Еще минута, и я бы сознался, но не знаю, что меня дернуло, и я, отворачиваясь, промямлил:
— Мне не в чем сознаваться, тато.
— Не в чем? — Голос отца дрогнул. — Василь, скажи тогда, на какие деньги ты пировал у Шипулинского?
— Я взял взаймы у Петьки два рубля.
— У какого Петьки?
— У… Маремухи.
— Из Старой усадьбы?
— Ага.
— Правда, взял взаймы?
— Правда… А еще он мне рубль дал за голубей.
— Хорошо. Идем к нему.
— Куда?
— К Маремухе.
— Да его дома нет.
— Ничего. Найдется! — И очень спокойно отец надел соломенный картуз.
Едва передвигая ноги, я вышел за отцом во двор. Уже окончились занятия, и курсанты в ожидании обеда играли на площадке в футбол. Мелькнула среди играющих фуражка Марущака, и я отвернулся. Мне казалось, что курсанты уже обо всем знают.
Я шел за отцом, опустив голову, как арестант.
Скоро мы придем к Маремухе. Там, на глазах у Петьки, его отца, старого сапожника Маремухи, и Петькиной мамы, выяснится все.
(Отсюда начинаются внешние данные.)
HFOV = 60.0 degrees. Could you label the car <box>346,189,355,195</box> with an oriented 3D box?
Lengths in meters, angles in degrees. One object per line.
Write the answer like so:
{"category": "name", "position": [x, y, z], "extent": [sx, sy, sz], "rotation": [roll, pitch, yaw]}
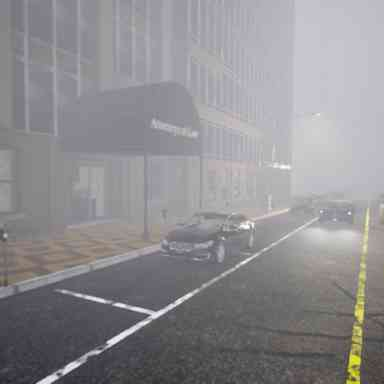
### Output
{"category": "car", "position": [38.260, -0.095, 80.340], "extent": [1.752, 1.417, 4.829], "rotation": [1, 1, 28]}

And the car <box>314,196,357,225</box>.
{"category": "car", "position": [9.021, 1.192, 20.462], "extent": [1.895, 1.301, 4.718], "rotation": [2, 2, 28]}

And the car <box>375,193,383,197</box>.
{"category": "car", "position": [20.633, 0.879, 35.319], "extent": [1.837, 1.490, 4.892], "rotation": [2, 2, 28]}

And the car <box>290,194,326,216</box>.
{"category": "car", "position": [8.779, 1.015, 25.526], "extent": [1.947, 1.339, 4.313], "rotation": [1, 1, 28]}

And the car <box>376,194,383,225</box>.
{"category": "car", "position": [12.472, 1.134, 20.146], "extent": [1.882, 1.535, 5.008], "rotation": [2, 2, 28]}

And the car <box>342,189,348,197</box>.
{"category": "car", "position": [22.216, 0.559, 50.510], "extent": [1.802, 1.307, 4.206], "rotation": [1, 1, 28]}

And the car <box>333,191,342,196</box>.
{"category": "car", "position": [16.760, 0.696, 40.365], "extent": [1.752, 1.417, 4.829], "rotation": [1, 1, 28]}

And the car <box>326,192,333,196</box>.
{"category": "car", "position": [11.466, 0.922, 30.523], "extent": [1.947, 1.339, 4.313], "rotation": [1, 1, 28]}

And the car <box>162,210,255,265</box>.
{"category": "car", "position": [0.717, 1.272, 10.535], "extent": [2.008, 1.369, 4.403], "rotation": [1, 1, 28]}

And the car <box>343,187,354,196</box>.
{"category": "car", "position": [32.966, -0.104, 70.492], "extent": [2.192, 1.841, 5.009], "rotation": [1, 1, 28]}

Все узнают, что я не только вор, но и трус.
Два квартала мы шли молча.
Только поравнялись с усадьбой ремесленного училища, показалась за углом мастерская Захаржевского. Сейчас меня увидит Котька Григоренко. Ведь это он, наверное, громыхает там кувалдой?
У афишной будки отец круто остановился.
— Василь! Мне стыдно за тебя, пойми. Я не хочу тебя позорить. Ты мой сын, Василь, а я коммунист. Я хочу, чтобы ты вырос правдивым и честным хлопцем. Когда я был в твоем возрасте, мне жилось куда тяжелее, но я никогда не обманывал своего отца, не обманывай и ты меня.
Прошла мимо какая-то тетка и с удивлением глянула в нашу сторону. Как только затихли вдали ее шаги, я, собравшись с силами, сказал:
— Тато! Я продал ложки!
— Кому?
— Я думал, что они мои. Тетка говорила…
— Кому?
— Тетка говорила, что это мое приданое.
— Слышишь, я тебя спрашиваю: кому ты их продал?
— Я отнес в город, к ювелиру.
— Пойдем! — сказал отец и ощупал в кармане бумажник. Даже вспомнить тяжело, как зашли мы в ювелирную мастерскую. Узнав, что фамилия отца Манджура, ювелир, глянув на крышку папиросного коробка, засмеялся и сказал:
— А еще голос повышаете! Ложки не ваши, а гражданина Маремухи!
Больших трудов стоило уговорить ювелира, чтобы он вернул ложки обратно. Пришлось заплатить за них с процентами: вместо четырех рублей отец дал ювелиру четыре рубля девяносто копеек. На каждой ложке этот старый спекулянт заработал по тридцать копеек.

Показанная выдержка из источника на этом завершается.